If we could go back to my statement about keyword stuffing in alt attributes and my example of a picture of Shakespeare on a page about Shakespeare, I think the alt attribute of that picture ought to be "William Shakespeare". Depending on how you've optimized the page, I'd be OK with an alt like "English playwright William Shakespeare," but I'd have a problem with an alt of "Shakespeare - William Shakespeare - Elizabethan Playwright William Shakespeare - English Dramatist".
Posted 23 February 2010 - 10:50 AM
Posted 24 February 2010 - 02:55 PM
So...I'm curious on ideas here:
is there any link juice benefit from an incoming image link that has no alt attribute?
..or is the entire image/link/title invisible to G?
Posted 24 February 2010 - 03:02 PM
If your page is about golden retrievers, then a link that says that your page is about golden retrievers means more than just a link. I can't tell you how much more, but it's more.
Posted 24 February 2010 - 03:44 PM
Right. There's definitely PageRank value to an image link without alt attribute text (real PageRank, not toolbar).
But you'd miss the anchor text benefit.
Posted 24 February 2010 - 05:26 PM
I don't think there is any question that the link will have more value SE wise if the "alt attribute" is included in the link. However I don't think that additional value will be much.
I think the big question for you. Is the add producing returns in traffic that justify the cost of the add? Conversions are your responsibility. Adds don't convert.
Posted 01 March 2010 - 12:23 AM
In the HTML/XHTML code behind your web pages that makes them work, when you add an image, you can add an alt attribute to the image source tag: alt="description of image"
People who are blind or visually impaired, who use special reader software as well as those who are physically disabled, using special software or hardware to give them the ability to surf the net need the alt attribute in images so the software can interpret what the image actually is.

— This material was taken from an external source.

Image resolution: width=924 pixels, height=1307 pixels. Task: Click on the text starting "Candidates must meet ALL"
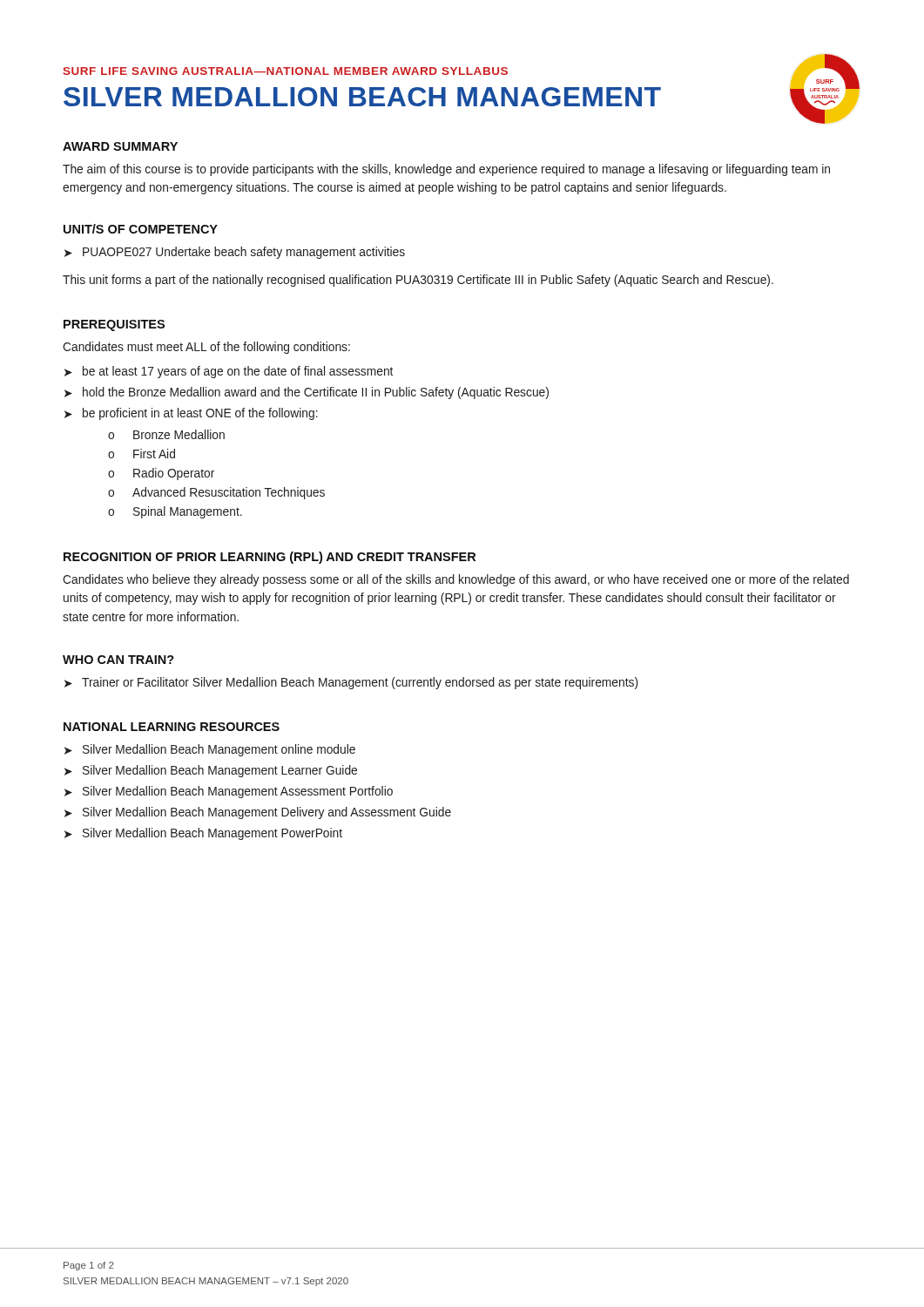coord(207,348)
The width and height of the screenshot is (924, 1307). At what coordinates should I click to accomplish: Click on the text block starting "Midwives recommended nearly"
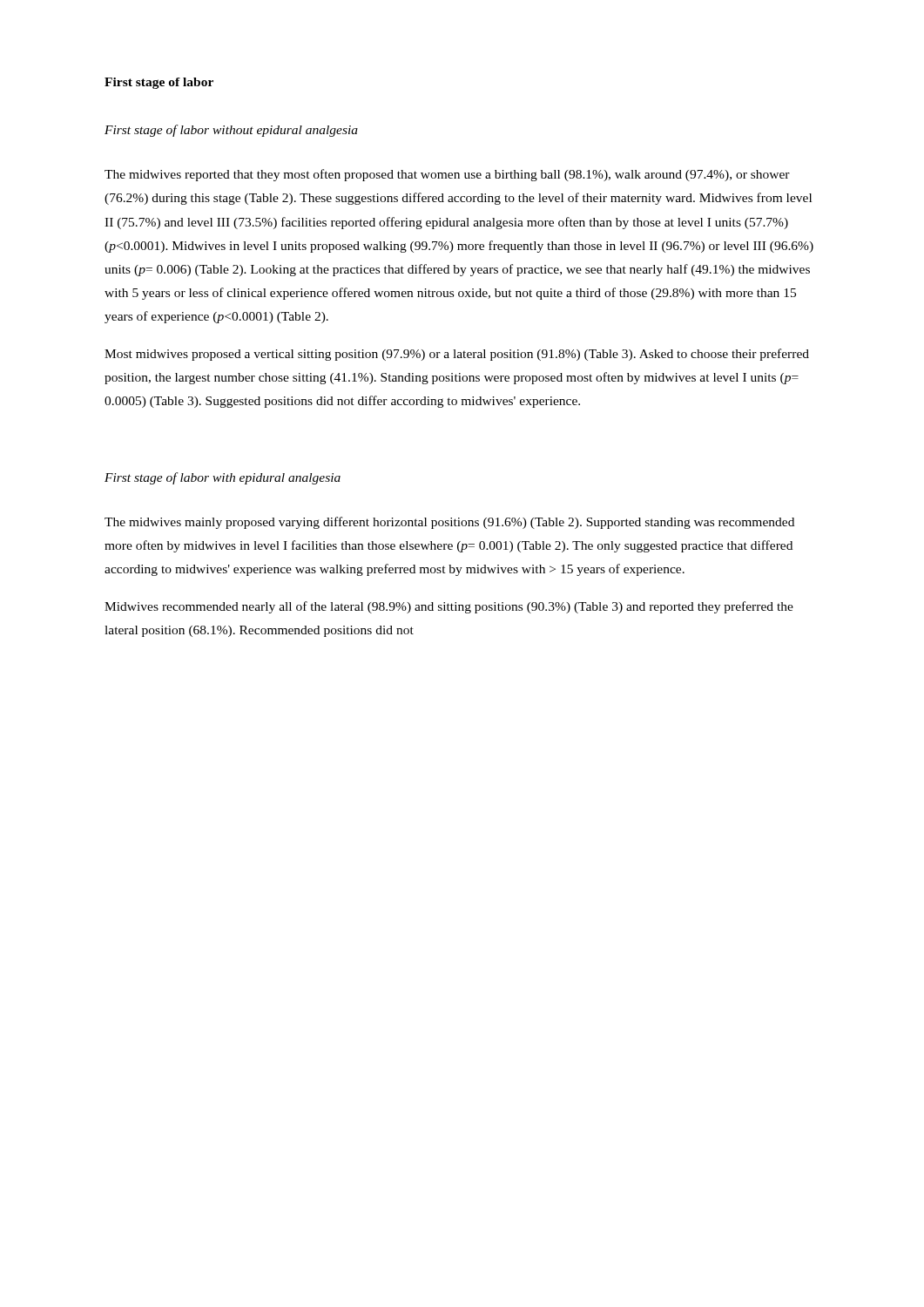coord(449,618)

It could be an image of something, or it could be a navigation or submit button. Because they can't actually "see" the image, alt attributes give them a way to figure out what the image actually is.
Google understands more about the image with the alt attribute attached, processing it as additional text on the page.
The importance of alt attributes:
(they call them alt tags, but the info is useful even if the terminology is not quite right)
Why do you have to justify this to your webmaster? You want your websites to be accessible to everyone, including the images and you want alt attributes describing the images in your pages.
For things like buttons or arrows in lists, you can add alt="" but for actual images with more meaning in the page, you should not leave this blank...if you are trying to make your website content accessible to everyone that might come across your website.